No, I didn't - I avoid publishing with crap publishers who force bad contracts on their authors. But a bunch of suckers did. So I'm warning others.

"is it not better to train LLM on proper academic papers rather than random rants on Twitter and Reddit?"

Better for whom? You're not addressing the key problem here, which is that crap publishers are now trying to make people finish their books fast, and skip proper refereeing. That's not better for anyone except the publishers.

In scholarship researchers put work into figuring things out. They write papers and books. When people use the results in those papers and books, they cite that work so we can follow the citation, go back, and find out what's the evidence for those claims. And when authors are cited, they get rewarded in various ways.

When you take people's papers, put them into a blender, and produce a LLM that spits out claims based on an undifferentiated mix of stuff, it breaks the system in at least two ways. Users of the LLM can't easily find where these claims are coming from. And the scholars who did the research aren't getting rewarded by citations.

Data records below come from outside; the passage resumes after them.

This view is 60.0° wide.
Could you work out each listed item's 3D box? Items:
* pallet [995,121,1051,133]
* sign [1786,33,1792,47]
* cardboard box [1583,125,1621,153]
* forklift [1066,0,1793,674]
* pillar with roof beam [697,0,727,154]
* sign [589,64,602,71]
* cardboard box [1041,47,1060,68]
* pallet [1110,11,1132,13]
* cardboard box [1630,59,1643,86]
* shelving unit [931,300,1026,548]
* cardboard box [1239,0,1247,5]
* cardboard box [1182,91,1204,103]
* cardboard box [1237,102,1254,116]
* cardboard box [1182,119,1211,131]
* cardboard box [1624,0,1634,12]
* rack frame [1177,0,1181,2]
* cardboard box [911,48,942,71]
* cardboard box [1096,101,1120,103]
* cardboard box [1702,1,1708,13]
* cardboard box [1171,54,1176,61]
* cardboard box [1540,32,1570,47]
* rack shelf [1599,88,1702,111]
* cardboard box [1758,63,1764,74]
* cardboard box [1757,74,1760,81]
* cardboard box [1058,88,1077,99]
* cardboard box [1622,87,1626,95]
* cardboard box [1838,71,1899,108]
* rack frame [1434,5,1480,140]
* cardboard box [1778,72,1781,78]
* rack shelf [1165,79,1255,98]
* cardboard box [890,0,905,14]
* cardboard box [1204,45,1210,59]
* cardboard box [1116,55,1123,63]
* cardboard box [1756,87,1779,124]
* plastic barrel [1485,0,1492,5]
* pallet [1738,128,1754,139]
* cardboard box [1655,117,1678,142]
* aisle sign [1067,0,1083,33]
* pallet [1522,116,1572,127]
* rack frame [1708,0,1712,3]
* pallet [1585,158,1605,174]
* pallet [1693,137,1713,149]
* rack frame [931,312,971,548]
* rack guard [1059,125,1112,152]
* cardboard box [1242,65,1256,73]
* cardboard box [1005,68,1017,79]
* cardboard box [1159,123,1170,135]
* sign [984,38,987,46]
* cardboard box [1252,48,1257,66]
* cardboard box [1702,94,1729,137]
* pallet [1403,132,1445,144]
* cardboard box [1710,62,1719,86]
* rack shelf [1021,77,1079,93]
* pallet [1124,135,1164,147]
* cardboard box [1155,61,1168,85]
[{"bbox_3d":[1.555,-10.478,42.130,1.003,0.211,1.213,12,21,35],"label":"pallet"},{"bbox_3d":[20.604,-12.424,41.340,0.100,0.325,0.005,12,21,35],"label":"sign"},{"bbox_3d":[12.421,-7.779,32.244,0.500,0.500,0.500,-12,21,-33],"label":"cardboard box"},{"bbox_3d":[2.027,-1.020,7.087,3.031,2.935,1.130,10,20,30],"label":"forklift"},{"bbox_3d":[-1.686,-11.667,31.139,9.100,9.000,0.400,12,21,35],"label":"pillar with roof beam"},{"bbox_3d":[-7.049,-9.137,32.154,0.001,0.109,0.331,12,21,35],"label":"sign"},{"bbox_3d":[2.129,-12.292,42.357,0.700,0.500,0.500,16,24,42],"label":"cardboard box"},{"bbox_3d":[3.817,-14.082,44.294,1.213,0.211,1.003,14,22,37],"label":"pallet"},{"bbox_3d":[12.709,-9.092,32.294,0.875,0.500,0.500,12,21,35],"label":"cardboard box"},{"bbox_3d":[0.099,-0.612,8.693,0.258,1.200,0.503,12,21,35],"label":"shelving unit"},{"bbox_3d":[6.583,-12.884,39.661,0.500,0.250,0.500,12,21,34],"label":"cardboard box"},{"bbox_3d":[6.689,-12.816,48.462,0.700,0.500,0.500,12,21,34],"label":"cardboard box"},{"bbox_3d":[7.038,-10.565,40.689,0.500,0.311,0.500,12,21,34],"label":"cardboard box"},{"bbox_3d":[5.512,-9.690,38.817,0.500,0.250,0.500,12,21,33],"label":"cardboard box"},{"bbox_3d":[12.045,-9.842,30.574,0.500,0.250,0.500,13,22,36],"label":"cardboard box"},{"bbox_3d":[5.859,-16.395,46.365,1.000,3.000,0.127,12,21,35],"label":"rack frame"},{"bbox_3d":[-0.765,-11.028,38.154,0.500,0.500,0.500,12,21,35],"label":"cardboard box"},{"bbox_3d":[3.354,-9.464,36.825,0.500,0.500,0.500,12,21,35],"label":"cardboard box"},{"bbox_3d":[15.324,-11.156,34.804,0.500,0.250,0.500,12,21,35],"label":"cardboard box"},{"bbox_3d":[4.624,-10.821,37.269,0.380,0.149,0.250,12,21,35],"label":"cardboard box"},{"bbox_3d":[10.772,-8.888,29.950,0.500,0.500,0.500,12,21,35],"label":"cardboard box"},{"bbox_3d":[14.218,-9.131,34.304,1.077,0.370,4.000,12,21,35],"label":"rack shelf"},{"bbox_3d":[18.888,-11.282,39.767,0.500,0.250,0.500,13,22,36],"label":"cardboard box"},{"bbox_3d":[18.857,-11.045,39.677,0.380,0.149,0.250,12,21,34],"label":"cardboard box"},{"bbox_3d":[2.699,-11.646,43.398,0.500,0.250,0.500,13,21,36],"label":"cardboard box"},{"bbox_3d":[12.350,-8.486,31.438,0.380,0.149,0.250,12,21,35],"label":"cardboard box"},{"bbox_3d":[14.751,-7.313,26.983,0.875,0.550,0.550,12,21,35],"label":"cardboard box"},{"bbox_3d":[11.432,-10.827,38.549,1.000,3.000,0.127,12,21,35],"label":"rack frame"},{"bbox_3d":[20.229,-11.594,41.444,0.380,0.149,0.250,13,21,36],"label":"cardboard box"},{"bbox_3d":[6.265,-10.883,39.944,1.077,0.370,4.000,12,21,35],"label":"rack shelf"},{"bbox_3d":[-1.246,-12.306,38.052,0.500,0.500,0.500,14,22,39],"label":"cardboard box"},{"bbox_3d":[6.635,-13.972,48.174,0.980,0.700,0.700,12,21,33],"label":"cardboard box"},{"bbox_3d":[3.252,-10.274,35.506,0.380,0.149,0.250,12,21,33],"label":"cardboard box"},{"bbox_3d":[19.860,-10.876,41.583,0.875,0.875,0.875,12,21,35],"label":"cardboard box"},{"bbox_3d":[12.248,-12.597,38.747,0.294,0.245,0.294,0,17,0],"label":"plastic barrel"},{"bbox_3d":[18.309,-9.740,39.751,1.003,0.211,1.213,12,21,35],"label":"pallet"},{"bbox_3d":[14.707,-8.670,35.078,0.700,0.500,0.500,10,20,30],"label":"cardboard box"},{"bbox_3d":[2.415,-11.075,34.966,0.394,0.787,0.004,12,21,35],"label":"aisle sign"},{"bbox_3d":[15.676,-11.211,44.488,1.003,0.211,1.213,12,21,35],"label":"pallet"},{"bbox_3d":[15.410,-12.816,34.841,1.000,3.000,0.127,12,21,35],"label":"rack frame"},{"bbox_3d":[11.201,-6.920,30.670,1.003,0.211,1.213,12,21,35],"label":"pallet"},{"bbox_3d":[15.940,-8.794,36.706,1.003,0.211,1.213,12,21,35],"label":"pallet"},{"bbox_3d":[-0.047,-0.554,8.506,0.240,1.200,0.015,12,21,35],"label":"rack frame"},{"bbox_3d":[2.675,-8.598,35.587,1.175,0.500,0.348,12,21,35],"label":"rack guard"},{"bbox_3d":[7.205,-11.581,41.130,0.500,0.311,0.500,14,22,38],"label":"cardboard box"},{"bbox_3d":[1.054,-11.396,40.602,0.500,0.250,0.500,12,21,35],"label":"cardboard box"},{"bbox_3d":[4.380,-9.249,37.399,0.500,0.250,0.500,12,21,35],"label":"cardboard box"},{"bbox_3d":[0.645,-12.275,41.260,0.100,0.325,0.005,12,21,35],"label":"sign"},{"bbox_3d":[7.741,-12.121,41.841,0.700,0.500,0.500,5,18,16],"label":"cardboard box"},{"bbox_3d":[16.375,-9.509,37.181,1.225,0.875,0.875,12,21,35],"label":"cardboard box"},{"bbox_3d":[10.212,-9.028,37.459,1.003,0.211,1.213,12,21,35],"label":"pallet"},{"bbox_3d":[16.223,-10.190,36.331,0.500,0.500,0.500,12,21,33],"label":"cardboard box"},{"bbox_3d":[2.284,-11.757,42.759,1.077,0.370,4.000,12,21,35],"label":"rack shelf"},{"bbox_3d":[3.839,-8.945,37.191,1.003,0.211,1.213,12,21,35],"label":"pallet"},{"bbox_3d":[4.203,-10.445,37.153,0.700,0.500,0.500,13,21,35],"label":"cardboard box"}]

To fix this, we need LLMs that cite what they're basing their claims on.

And we need to fix the publishing model so that universities, whose scholars do the research, don't have to pay monopoly prices to access the results. It would be even better if ordinary citizens could freely access the research their taxes are paying for!

The main problem is that the publishers' goals are not aligned with those of the people who read and write the publications. .

@bstacey

@johncarlosbaez @bstacey it's a bit rich to post this with an "ai"-generated image attached

@johncarlosbaez @bstacey Seems like a mixed message to illlustrate a post deploring the harvesting of people’s original work without their consent for AI with an image created by the exact same thing.

@bstacey @johncarlosbaez @Adzebill Thst thought crossed my mind too. One of the problems with this wild frontier of AI products is having no way of knowing which were built on user-consented content and which were not.

@johncarlosbaez @bstacey I’m not a fan of AI but there’s some dissonance going on with the articles then using an AI image to advertise them

@PictoPirate - good, you noticed. Did you read the image description?

@johncarlosbaez @bstacey As a scientist that aims to do research for the betterment of society, I do not have a problem with any of my works being used to create AI databases. I guess what does rub me the wrong way a little is that publishers are once again making money off of the free labor of scientists. Will they reduce publication costs because of this windfall? Doubtful, they will probably get a great bonus this year.